▶ [What is expected]: In the data below, locate each line with the word "fill" and list it.

------------------------------------

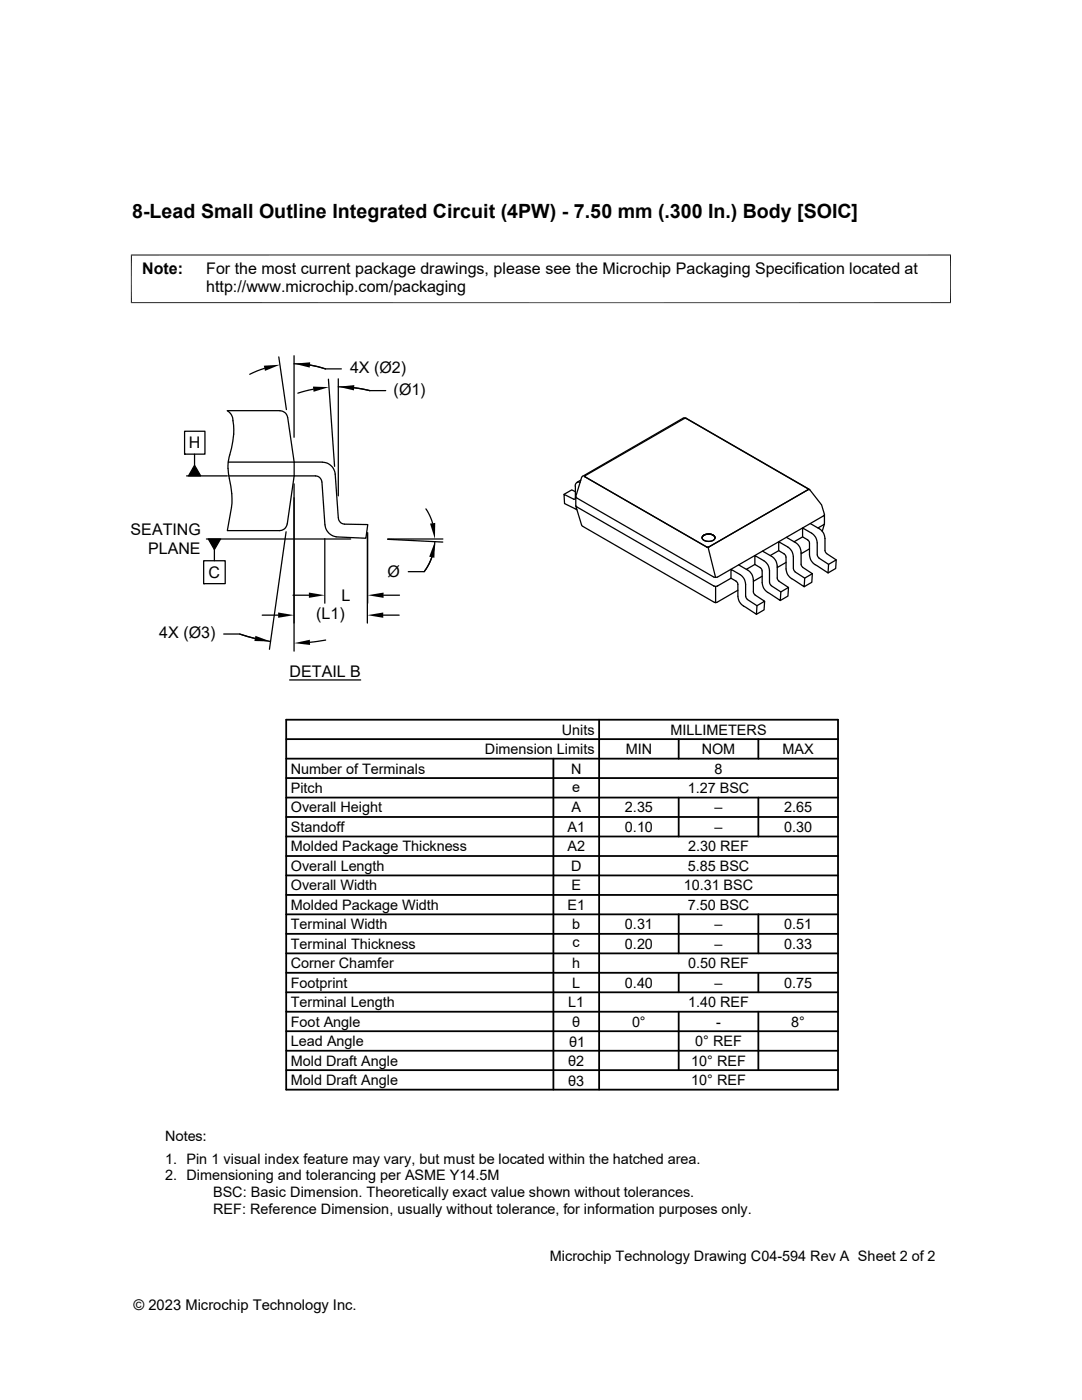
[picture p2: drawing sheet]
<svg xmlns="http://www.w3.org/2000/svg" width="216mm" height="279mm" viewBox="0 0 216 279" stroke-linecap="round" stroke-linejoin="round" font-family="sans-serif">
<defs><g id="words">
<text font-size="3.9" x="26.4" y="43.5">8-Lead Small Outline Integrated Circuit (4PW) - 7.50 mm (.300 In.) Body [SOIC]</text>
<g font-size="3.2">
<text x="28.4" y="54.7">Note:</text>
<text x="41.1" y="58.3">http://www.microchip.com/packaging</text>
<text x="41.1" y="54.7">For the most current package drawings, please see the Microchip Packaging Specification located at</text>
<text x="69.8" y="74.4">4X (Ø2)</text>
<text x="78.5" y="78.8">(Ø1)</text>
<text x="37.7" y="89.5">H</text>
<text x="26.1" y="106.8">SEATING</text>
<text x="29.6" y="110.6">PLANE</text>
<text x="41.6" y="115.3">C</text>
<text x="68.2" y="119.9">L</text>
<text x="77.3" y="115.2">Ø</text>
<text x="63.1" y="123.6">(L1)</text>
<text x="31.8" y="127.3">4X (Ø3)</text>
<text x="57.8" y="135">DETAIL B</text>
</g>
<g font-size="2.9">
<text x="112.1" y="146.6">Units</text>
<text x="133.8" y="146.6">MILLIMETERS</text>
<text x="58" y="154.4">Number of Terminals</text>
<text x="96.8" y="150.5">Dimension Limits</text>
<text x="113.9" y="154.4">N</text>
<text x="124.9" y="150.5">MIN</text>
<text x="140" y="150.5">NOM</text>
<text x="142.6" y="154.4">8</text>
<text x="156.1" y="150.5">MAX</text>
<text x="58" y="158.3">Pitch</text>
<text x="114.2" y="158">e</text>
<text x="137.2" y="158.3">1.27 BSC</text>
<text x="58" y="162.1">Overall Height</text>
<text x="58" y="166">Standoff</text>
<text x="113.2" y="166">A1</text>
<text x="114" y="162.1">A</text>
<text x="124.7" y="162.1">2.35</text>
<text x="124.7" y="166">0.10</text>
<text x="142.6" y="162.1">–</text>
<text x="142.6" y="166">–</text>
<text x="156.5" y="162.1">2.65</text>
<text x="156.5" y="166">0.30</text>
<text x="58" y="173.8">Overall Length</text>
<text x="58" y="169.9">Molded Package Thickness</text>
<text x="113.2" y="169.9">A2</text>
<text x="113.9" y="173.8">D</text>
<text x="137.2" y="173.8">5.85 BSC</text>
<text x="137.3" y="169.9">2.30 REF</text>
<text x="58" y="177.7">Overall Width</text>
<text x="114" y="177.7">E</text>
<text x="136.4" y="177.7">10.31 BSC</text>
<text x="58" y="185.5">Terminal Width</text>
<text x="58" y="181.6">Molded Package Width</text>
<text x="113.2" y="181.6">E1</text>
<text x="114.2" y="185.4">b</text>
<text x="124.7" y="185.5">0.31</text>
<text x="137.2" y="181.6">7.50 BSC</text>
<text x="142.6" y="185.5">–</text>
<text x="156.5" y="185.5">0.51</text>
<text x="58" y="189.3">Terminal Thickness</text>
<text x="114.3" y="189.1">c</text>
<text x="124.7" y="189.3">0.20</text>
<text x="142.6" y="189.3">–</text>
<text x="156.5" y="189.3">0.33</text>
<text x="58" y="197.1">Footprint</text>
<text x="58" y="193.2">Corner Chamfer</text>
<text x="114.2" y="193.2">h</text>
<text x="114.2" y="197.1">L</text>
<text x="124.7" y="197.1">0.40</text>
<text x="137.3" y="193.2">0.50 REF</text>
<text x="142.6" y="197.1">–</text>
<text x="156.5" y="197.1">0.75</text>
<text x="58" y="201">Terminal Length</text>
<text x="113.4" y="201">L1</text>
<text x="137.3" y="201">1.40 REF</text>
<text x="58" y="204.9">Foot Angle</text>
<text x="58" y="208.8">Lead Angle</text>
<text x="113.6" y="208.9">θ1</text>
<text x="114.2" y="205">θ</text>
<text x="126.1" y="204.9">0°</text>
<text x="138.7" y="208.8">0° REF</text>
<text x="142.9" y="204.9">-</text>
<text x="157.9" y="204.9">8°</text>
<text x="58" y="212.7">Mold Draft Angle</text>
<text x="113.4" y="212.8">θ2</text>
<text x="137.9" y="212.7">10° REF</text>
<text x="58" y="216.6">Mold Draft Angle</text>
<text x="113.4" y="216.7">θ3</text>
<text x="137.9" y="216.6">10° REF</text>
<text x="32.9" y="227.7">Notes:</text>
<text x="32.9" y="232.3">1. Pin 1 visual index feature may vary, but must be located within the hatched area.</text>
<text x="32.9" y="235.6">2. Dimensioning and tolerancing per ASME Y14.5M</text>
<text x="42.5" y="238.9">BSC: Basic Dimension. Theoretically exact value shown without tolerances.</text>
<text x="42.5" y="242.2">REF: Reference Dimension, usually without tolerance, for information purposes only.</text>
<text x="109.7" y="251.7">Microchip Technology Drawing C04-594 Rev A Sheet 2 of 2</text>
<text x="26.6" y="261.3">© 2023 Microchip Technology Inc.</text>
</g>
</g></defs>
<g fill="none" stroke="#000" stroke-width=".25">
<path d="M52.8 73.5l-3 1.2M55.6 71.2l1.5 10.5M58.7 72.6a19.7 19.7 0 0 1 6.2 1h3.2M58.7 71v16.3M61.8 72.9l3.1 .7M62.5 77.7l-3.1 .8M65.5 75.7l1.3 17.4M67.5 75.6v23.4M67.5 77.2l3.2 .2 3.1 .6M70.7 77.4l.8 .1a19.2 19.2 0 0 0 5.5 .5M36.8 86.1h4.1v4.5h-4.1zM36.8 90.6h.1"/>
<path d="M37.2 95h8.2M38.8 90.6v2.3M38.8 92.9l1.2 2.1h-2.4zM45.6 95h13.1l-1.4 9.6a1.53 1.53 0 0 1-1.5 1.3h-10.4l.8-4.6a15.1 15.1 0 0 0-.4-5.8M57.4 83.3a1.58 1.58 0 0 0-1.5-1.3h-10.5a2.23 2.23 0 0 1 1.1 1.9 18 18 0 0 1-.9 7.8 8.7 8.7 0 0 0 .2 3.8M57.4 83.3l1.3 8.9h-13.1M58.7 96.6v33.3M62.9 95a1.3 1.3 0 0 1 1.3 1.2M62.9 95h-4.2v-2.8h5.6a2.61 2.61 0 0 1 2.6 2.4l.6 8.7M64.2 96.2l.7 8.6a2.63 2.63 0 0 0 2.2 2.3M114.8 98.1l-.7-.3-1.6 .9M114.8 97l-.1 2.6h-.3l-1.9-.9 .1 1.8 2.5 1.2"/>
<path d="M114.9 99.1v1.9l1.2 3.9 26.4 15.3h.5l4.2-2.4M114.9 99.1l.1 .3 27.4 15.8h.4h.4l21.2-12.3M115.8 96.3a.7 .7 0 0 0-1 .7M115.9 95.8l-.8 .5M116.6 95.1h.2M116.7 95l20-11.5 24.6 14.1-20.1 11.6-24.5-14zM161.3 97.6h.1M161.3 97.7h-.1M161.6 97.7l2.3 3M161.6 97.8l-25-14.4-20.5 11.7-1.2 4M40.6 111.9h4.3v4.6h-4.3zM40.6 116.5h.1"/>
<path d="M41.2 107.6h28.8M41.6 107.6h2.4l-1.2 2.1zM42.8 109.7v2.2M57.1 106.1l-3.3 23.5M58.5 118.8h3.1M64.8 107.5v12.9M67.5 103.3a1.31 1.31 0 0 0 1.2 1.3l4.7 .1-.4 2.7-5.9-.3M73.3 106.8v17.6M73.4 106.3v14.1M76.5 118.8h3.2M77.4 107.6h11M77.4 107.6l10.9 .6"/>
<path d="M85 101.6l.8 1.3 .5 1.5M86.2 111.2l-.7 1.5-.8 1.3M86.8 108.1a10.9 10.9 0 0 1-2.2 6h-3.1M114.9 100.9l.1 .2M115 101.1l27.4 15.8M115 101.1h.1M140.1 107.3h.1M140.3 106.9a1.52 1.52 0 0 1 2.4 .4 1.54 1.54 0 0 1-2.6 .1zM141.3 109.2l1.5 6.1M142.4 116.9h.1M142.4 116.9l.4 .1 .4-.1M142.7 107.3a1.5 1.5 0 0 0-2.6 0"/>
<path d="M142.7 107.3a1.53 1.53 0 0 0-2.4-.4l-.2 .4M142.7 107.3h.1M142.8 117.1v3.2M143.2 116.9h.1M145.9 115.4l-2.7 1.5M147.4 112.7l1.8 1.1a2.36 2.36 0 0 1 1.1 1.9l.1 2.6 .3 .4 1.9 1.3-1.6 .9M149.1 119.6l-.3-.6v-2.4a2.36 2.36 0 0 0-1.1-1.9l-1.8-1.1v1.8l1 .6 .3 .4v2.6a2.42 2.42 0 0 0 1.6 2.2l2.1 1.4 .1-1.7-1.9-1.3M150.6 112.6l-1.7 1M152.1 115l-1.8 1M152.1 113.9v2.4a2.41 2.41 0 0 0 1.4 2.1l2.2 1.4 .1-1.7-1.9-1.2-.3-.4-.1-2.6a2.36 2.36 0 0 0-1.1-2l-1.8-1v1.7l1.1 .7 .4 .6M152.1 110l1.9 1a2.36 2.36 0 0 1 1.1 2v2.6l.3 .4 1.9 1.2-1.5 .9M152.6 120l-.1 1.7-1.6 .9"/>
<path d="M155.4 109.9l-1.7 1M156.4 110.5l.4 .7v2.3a2.41 2.41 0 0 0 1.5 2.2l2.2 1.4 .1-1.7-2-1.3M156.5 110.5l-1.1-.6v-1.8l1.8 1.1a2.36 2.36 0 0 1 1.1 1.9v2.4M156.8 112.2l-1.7 1.1M156.9 107.2l1.8 1.1a2.36 2.36 0 0 1 1.2 1.9v2.6l.3 .4 1.9 1.3-1.5 .9M157.3 117.2l-.1 1.8-1.5 .8M158.3 113.5l.4 .6M160.1 107.1l-1.6 1M161.1 107.7l.4 .7v2.3a2.36 2.36 0 0 0 1.1 2M161.2 107.7l-1.1-.6v-1.7l1.8 1a2.36 2.36 0 0 1 1.2 2v2.3l.3 .7M161.5 109.5l-1.6 1M161.7 104.5l1.8 1a2.36 2.36 0 0 1 1.1 2v2.4l.4 .6"/>
<path d="M162.1 114.5l-.1 1.7-1.5 .9M163.4 111.4l1.9 1.2-.1 1.7-2.5-1.6M163.9 100.8l.6 1.9-.1 .2M164.4 102.9h.1M164.5 104.6l-.4 1.4M164.5 102.7v1.9l-1.3 .8M165 110.5l1.9 1.2-1.6 .9M166.9 111.7l-.1 1.8-1.6 .8M44.6 126.5h3.2l3.1 .9M47.8 126.5a33.2 33.2 0 0 0 6.2 1.5M52.3 122.8h3.2M57.8 135.7h14.2"/>
<path d="M65 127.7l-3.2 .5M76.5 122.8h3.2"/>
</g>
<path d="M26.1 50.9h163.7M26.2 50.8v9.7M189.7 50.8v9.7M26.1 60.4h163.7" fill="none" stroke="#000" stroke-width=".2"/>
<g fill="#000">
<path d="M52.6 73l3.3-.2-3 1.2zM58.7 72.6l3.2-.3-.1 1.1zM62.4 77.2l3.2 .1-3 .9zM67.5 77.2l3.2-.3-.1 1zM38.8 92.9l1.2 2.1h-2.4zM41.6 107.6h2.4l-1.2 2.1zM61.6 118.3l3.2 .5-3.2 .5zM73.4 118.8l3.1-.5v1zM86.8 108.1l-.1 3.2-1.1-.2zM85.8 104.5l1-.1v3.2zM51 126.9l3 1.1-3.2-.1zM55.5 122.2l3.2 .6-3.2 .5z"/>
<path d="M58.7 128.4l3.1-.7 .1 1zM73.3 122.8l3.2-.6v1.1z"/>
</g>
<g fill="none" stroke="#000" stroke-width=".36">
<path d="M57.1 159.2h110.1M57.1 155.3h110.1M57.1 151.4h110.1M57.1 147.5h110.1M57.1 143.6h110.1v73.9h-110.1zM110.4 151.4v66.1M119.5 143.6v73.9M135.4 147.5v3.9M135.4 159.2v7.7M151.3 147.5v3.9M151.3 159.2v7.7M57.1 163h110.1"/>
<path d="M57.1 170.8h110.1M57.1 166.9h110.1M57.1 178.6h110.1M57.1 174.7h110.1M57.1 186.4h110.1M57.1 198h110.1M57.1 182.5h110.1M57.1 190.3h110.1M57.1 194.1h110.1M135.4 182.5v7.8M135.4 194.1v3.9M151.3 182.5v7.8"/>
<path d="M151.3 194.1v3.9M57.1 209.7h110.1M57.1 201.9h110.1M57.1 205.8h110.1M57.1 213.6h110.1M135.4 201.9v11.7M151.3 201.9v11.7"/>
</g>
<use href="#words"/>
</svg>

------------------------------------

▶ [Completed task]:
<g fill="none" stroke="#000" stroke-width=".25">
<path d="M26.1 50.9h163.7M26.2 50.8v9.7M189.7 50.8v9.7M26.1 60.4h163.7" fill="none" stroke="#000" stroke-width=".2"/>
<g fill="#000">
<g fill="none" stroke="#000" stroke-width=".36">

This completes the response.